## WHAT TO PRODUCE
Copy each line below in which the word "tempo" occurs.

§

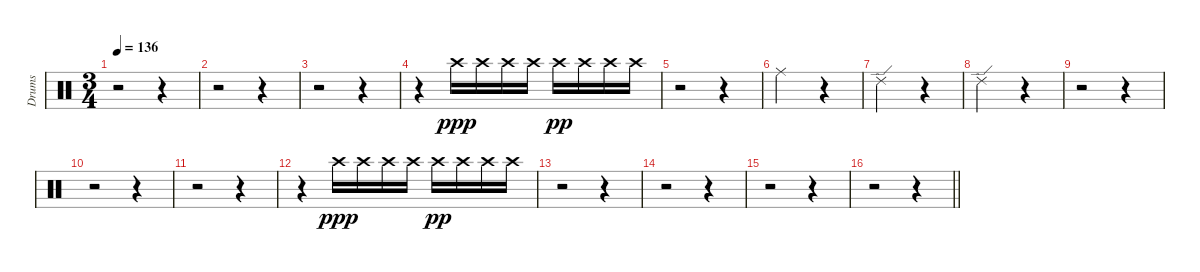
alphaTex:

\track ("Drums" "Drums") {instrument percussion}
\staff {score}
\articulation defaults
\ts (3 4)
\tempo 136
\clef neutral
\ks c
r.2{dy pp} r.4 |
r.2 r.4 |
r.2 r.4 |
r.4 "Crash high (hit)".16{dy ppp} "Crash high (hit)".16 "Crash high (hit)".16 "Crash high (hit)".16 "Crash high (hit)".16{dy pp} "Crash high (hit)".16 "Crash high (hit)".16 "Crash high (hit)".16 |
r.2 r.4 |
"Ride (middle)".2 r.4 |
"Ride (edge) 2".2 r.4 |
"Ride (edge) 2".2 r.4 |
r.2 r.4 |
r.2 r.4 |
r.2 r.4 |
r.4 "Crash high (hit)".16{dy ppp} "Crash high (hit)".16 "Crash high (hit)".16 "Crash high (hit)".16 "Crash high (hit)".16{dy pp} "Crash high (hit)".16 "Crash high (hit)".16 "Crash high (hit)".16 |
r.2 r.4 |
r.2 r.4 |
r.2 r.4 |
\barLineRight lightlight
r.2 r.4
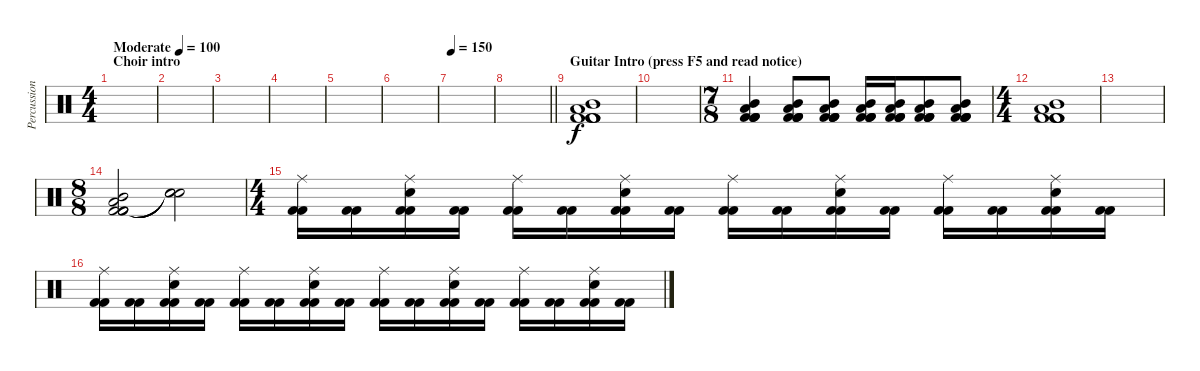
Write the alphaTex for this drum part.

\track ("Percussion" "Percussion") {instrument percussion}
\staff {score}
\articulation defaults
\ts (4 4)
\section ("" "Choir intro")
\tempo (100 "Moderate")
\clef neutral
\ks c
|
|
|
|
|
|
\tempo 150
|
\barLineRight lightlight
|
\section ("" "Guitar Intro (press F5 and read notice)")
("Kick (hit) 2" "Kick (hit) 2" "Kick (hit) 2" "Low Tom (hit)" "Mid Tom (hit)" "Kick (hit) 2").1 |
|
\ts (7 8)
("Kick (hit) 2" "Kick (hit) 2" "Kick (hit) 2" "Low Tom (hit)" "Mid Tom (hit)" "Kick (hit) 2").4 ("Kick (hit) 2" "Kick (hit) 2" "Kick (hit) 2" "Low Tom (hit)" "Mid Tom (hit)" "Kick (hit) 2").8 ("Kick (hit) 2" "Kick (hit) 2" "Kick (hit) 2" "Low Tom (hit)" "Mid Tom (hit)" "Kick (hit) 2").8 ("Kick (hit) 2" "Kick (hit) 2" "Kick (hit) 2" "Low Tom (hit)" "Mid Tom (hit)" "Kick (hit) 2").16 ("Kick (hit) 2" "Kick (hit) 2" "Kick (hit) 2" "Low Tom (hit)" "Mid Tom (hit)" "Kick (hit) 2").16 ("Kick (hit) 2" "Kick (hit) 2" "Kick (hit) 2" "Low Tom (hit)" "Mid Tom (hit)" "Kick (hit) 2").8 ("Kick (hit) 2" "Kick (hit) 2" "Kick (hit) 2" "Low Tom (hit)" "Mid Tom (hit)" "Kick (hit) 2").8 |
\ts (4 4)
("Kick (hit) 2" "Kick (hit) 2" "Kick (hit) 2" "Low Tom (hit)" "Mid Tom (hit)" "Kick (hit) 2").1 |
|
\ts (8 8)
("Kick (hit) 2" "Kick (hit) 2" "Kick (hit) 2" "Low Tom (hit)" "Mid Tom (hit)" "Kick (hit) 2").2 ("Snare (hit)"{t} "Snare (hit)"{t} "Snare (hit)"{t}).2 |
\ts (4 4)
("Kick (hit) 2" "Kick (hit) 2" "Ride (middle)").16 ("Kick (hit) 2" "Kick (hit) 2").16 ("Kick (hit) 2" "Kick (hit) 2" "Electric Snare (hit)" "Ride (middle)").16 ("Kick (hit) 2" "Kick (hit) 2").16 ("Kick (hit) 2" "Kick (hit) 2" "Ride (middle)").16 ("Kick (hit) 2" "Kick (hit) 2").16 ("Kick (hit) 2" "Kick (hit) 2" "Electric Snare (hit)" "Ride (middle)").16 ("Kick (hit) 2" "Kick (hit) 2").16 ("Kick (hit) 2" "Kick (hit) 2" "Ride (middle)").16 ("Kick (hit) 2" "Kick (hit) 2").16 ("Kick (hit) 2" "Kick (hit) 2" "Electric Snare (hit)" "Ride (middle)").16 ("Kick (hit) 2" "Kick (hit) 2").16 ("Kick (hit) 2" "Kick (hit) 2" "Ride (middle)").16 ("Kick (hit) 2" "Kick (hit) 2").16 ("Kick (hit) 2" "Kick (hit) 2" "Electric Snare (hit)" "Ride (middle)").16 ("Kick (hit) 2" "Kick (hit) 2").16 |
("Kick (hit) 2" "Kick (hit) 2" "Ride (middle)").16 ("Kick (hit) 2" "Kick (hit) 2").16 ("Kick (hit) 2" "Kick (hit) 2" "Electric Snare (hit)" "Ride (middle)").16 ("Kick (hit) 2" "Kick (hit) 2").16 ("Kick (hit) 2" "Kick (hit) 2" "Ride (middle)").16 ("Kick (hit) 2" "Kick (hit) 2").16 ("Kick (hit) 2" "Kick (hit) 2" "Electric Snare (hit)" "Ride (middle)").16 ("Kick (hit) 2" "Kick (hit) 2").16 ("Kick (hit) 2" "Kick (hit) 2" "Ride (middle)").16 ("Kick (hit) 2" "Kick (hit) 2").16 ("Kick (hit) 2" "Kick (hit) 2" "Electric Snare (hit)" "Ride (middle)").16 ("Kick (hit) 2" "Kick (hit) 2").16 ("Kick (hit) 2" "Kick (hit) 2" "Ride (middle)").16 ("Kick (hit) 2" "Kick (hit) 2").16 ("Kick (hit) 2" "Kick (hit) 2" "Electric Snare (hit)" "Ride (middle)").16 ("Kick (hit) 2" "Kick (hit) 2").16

§

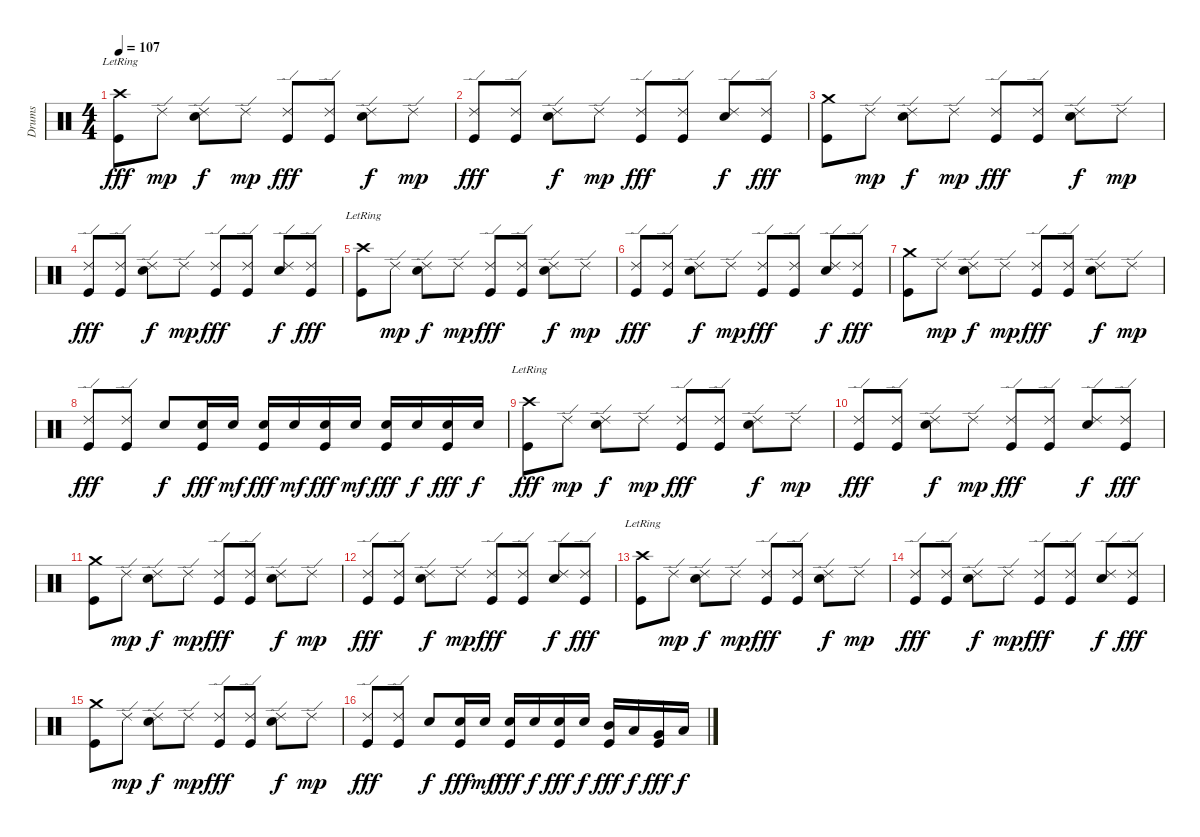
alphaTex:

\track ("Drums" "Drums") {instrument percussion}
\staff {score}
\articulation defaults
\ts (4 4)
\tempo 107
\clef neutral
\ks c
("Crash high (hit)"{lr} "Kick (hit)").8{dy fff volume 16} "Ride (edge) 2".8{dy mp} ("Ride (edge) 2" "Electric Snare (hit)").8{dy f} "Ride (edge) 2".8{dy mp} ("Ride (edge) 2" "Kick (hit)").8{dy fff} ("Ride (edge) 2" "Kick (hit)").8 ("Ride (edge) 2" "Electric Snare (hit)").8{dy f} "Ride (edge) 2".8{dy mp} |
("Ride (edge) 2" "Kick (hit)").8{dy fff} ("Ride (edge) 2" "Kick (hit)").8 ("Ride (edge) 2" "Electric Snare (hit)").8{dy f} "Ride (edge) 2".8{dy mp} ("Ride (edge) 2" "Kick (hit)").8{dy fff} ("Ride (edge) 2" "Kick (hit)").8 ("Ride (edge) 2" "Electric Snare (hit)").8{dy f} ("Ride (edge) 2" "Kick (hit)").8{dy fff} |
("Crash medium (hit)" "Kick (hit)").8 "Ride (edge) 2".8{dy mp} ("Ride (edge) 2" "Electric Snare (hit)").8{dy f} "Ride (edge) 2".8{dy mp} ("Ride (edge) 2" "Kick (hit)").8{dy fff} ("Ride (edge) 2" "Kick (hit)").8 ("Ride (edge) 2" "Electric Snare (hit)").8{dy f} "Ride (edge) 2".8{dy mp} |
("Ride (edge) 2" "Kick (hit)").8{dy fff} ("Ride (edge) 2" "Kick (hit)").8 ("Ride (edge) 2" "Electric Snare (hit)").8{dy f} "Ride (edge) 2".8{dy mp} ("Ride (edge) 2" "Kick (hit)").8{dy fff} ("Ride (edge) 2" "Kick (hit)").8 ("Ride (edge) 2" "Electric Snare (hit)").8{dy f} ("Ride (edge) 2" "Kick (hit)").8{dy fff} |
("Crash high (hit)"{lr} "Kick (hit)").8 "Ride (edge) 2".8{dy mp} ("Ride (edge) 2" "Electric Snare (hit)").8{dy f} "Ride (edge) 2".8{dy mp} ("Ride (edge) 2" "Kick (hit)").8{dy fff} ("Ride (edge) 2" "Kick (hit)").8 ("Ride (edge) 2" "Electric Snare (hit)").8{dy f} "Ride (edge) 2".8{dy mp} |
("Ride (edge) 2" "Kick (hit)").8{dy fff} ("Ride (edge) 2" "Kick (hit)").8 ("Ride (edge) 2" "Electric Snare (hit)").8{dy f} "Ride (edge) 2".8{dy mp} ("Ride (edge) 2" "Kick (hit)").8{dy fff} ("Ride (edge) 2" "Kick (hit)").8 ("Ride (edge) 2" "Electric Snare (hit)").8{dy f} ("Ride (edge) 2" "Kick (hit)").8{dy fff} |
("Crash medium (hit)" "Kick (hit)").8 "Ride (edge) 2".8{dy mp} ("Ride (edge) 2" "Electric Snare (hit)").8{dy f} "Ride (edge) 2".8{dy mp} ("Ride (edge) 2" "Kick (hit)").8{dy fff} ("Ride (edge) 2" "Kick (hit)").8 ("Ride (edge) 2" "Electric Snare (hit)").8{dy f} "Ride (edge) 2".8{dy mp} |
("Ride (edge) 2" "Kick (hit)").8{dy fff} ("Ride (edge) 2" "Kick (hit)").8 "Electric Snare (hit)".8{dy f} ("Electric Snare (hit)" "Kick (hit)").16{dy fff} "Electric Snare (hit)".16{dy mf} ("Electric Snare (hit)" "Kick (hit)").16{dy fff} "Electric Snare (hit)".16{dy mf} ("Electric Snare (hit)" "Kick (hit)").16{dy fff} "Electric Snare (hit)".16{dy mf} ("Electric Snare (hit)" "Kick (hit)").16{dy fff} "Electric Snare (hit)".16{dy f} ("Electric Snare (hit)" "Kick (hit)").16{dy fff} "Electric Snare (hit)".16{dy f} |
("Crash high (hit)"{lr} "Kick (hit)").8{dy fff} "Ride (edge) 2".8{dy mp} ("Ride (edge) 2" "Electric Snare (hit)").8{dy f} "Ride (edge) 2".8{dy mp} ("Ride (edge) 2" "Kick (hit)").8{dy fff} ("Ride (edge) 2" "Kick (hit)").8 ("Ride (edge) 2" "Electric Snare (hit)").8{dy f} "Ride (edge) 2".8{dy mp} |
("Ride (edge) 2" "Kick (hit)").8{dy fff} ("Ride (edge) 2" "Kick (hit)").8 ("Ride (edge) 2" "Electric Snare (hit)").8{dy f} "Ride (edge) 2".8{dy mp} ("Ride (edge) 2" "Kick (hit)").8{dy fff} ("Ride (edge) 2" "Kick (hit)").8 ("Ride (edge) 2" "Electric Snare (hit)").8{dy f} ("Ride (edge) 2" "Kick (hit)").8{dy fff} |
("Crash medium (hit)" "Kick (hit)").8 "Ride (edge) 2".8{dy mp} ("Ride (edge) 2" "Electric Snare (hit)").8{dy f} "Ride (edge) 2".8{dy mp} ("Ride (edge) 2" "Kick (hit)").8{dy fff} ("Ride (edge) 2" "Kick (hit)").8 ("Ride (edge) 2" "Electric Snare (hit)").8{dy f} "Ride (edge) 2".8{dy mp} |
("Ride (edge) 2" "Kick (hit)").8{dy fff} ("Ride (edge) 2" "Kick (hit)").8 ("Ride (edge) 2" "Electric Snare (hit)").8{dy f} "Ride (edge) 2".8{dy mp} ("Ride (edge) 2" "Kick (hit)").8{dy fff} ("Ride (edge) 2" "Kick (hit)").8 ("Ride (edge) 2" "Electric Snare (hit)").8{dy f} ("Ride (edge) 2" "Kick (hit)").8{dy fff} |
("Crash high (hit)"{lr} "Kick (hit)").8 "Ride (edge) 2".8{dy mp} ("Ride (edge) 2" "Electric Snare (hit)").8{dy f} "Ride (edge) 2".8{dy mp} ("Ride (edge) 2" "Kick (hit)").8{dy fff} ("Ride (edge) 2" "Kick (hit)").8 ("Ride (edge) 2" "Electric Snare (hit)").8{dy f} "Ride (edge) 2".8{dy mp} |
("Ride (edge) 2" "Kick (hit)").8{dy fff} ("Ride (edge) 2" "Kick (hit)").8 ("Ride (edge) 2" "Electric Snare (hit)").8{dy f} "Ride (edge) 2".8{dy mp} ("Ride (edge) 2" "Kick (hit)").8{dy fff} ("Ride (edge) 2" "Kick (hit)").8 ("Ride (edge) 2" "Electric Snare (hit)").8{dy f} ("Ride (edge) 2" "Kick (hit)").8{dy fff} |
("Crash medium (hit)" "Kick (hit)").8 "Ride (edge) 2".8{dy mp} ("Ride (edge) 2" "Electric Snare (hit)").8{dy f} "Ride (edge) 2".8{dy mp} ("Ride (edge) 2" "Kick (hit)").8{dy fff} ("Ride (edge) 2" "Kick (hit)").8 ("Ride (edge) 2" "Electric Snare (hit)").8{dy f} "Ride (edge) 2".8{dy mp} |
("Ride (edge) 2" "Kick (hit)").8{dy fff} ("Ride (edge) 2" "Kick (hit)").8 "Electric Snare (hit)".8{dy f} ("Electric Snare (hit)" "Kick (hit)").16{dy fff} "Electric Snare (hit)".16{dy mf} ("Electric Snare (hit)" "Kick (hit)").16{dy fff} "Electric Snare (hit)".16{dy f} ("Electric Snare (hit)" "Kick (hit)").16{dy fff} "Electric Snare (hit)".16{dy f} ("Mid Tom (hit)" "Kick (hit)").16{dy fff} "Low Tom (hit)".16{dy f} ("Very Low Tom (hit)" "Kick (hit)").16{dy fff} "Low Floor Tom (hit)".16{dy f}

§

## WRITTEN RESPONSE
\tempo 136
\tempo (100 "Moderate")
\tempo 150
\tempo 107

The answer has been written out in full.